**About this task**: Search the data for the word "instance" and copy every line where it occurs.

**Dataset content**:
⟨

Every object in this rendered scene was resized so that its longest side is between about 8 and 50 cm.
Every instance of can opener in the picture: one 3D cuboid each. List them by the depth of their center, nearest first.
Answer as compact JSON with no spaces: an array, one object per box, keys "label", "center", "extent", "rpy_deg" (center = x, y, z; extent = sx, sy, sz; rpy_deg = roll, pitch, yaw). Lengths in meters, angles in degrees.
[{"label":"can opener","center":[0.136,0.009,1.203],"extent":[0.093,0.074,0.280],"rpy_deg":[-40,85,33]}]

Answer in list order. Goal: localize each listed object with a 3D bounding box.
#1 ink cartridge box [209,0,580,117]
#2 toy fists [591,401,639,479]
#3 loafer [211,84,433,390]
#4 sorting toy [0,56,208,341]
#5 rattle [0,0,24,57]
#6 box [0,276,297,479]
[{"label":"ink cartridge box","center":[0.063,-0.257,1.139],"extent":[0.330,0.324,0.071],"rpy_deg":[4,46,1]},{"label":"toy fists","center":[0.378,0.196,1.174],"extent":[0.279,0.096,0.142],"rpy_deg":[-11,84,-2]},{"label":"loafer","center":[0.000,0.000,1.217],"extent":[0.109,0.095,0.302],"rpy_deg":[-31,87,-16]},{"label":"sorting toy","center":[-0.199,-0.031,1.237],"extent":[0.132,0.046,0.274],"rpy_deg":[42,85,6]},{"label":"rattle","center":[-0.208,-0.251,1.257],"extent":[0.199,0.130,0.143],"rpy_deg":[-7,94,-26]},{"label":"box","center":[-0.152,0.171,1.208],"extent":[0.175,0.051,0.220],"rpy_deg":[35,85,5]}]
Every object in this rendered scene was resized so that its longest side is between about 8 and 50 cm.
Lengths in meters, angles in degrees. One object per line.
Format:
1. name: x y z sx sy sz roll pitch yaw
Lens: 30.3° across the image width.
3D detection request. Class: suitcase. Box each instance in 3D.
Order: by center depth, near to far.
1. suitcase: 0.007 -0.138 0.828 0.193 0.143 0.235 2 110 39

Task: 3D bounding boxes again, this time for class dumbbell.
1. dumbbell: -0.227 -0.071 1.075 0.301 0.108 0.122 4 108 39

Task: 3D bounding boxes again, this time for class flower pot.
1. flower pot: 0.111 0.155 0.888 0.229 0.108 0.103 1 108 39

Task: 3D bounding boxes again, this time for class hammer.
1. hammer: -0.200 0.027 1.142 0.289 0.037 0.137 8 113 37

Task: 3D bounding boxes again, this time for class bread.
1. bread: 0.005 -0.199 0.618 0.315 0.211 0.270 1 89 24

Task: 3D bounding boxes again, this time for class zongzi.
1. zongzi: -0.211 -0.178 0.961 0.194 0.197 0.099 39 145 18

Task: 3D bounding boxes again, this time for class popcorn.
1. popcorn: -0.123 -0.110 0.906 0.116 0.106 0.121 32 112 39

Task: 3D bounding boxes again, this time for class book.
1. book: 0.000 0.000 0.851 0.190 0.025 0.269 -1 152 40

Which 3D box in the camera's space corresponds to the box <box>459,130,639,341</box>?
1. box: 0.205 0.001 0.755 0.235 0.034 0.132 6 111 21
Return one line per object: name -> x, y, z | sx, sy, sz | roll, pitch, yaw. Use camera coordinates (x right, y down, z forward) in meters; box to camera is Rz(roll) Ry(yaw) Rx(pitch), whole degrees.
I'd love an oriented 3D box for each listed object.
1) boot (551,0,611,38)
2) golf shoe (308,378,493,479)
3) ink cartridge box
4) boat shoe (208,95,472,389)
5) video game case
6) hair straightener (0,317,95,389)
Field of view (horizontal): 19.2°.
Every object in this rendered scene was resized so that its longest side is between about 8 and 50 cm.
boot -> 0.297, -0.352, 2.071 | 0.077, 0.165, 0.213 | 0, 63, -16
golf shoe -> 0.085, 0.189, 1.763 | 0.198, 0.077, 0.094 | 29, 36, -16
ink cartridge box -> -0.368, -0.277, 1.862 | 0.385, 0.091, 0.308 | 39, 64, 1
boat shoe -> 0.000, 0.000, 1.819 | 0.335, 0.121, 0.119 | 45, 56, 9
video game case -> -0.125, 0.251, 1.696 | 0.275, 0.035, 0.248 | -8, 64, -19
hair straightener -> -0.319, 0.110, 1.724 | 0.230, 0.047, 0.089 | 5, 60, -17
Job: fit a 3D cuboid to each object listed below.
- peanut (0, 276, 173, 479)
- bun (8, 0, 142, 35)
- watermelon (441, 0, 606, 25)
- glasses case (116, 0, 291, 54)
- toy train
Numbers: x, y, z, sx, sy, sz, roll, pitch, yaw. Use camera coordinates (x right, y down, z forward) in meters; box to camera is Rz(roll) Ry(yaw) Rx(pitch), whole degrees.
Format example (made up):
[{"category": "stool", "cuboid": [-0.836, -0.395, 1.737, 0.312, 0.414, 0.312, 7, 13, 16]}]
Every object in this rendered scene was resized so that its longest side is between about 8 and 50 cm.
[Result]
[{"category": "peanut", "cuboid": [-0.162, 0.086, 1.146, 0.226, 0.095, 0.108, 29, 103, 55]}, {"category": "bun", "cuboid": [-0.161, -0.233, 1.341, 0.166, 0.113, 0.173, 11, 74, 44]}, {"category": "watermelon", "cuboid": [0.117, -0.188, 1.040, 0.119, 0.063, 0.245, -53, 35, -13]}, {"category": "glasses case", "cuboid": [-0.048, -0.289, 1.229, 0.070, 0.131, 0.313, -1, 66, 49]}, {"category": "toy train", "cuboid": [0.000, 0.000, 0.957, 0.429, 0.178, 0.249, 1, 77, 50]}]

⟩

**Task output**:
Every instance of can opener in the picture: one 3D cuboid each. List them by the depth of their center, nearest first.
3D detection request. Class: suitcase. Box each instance in 3D.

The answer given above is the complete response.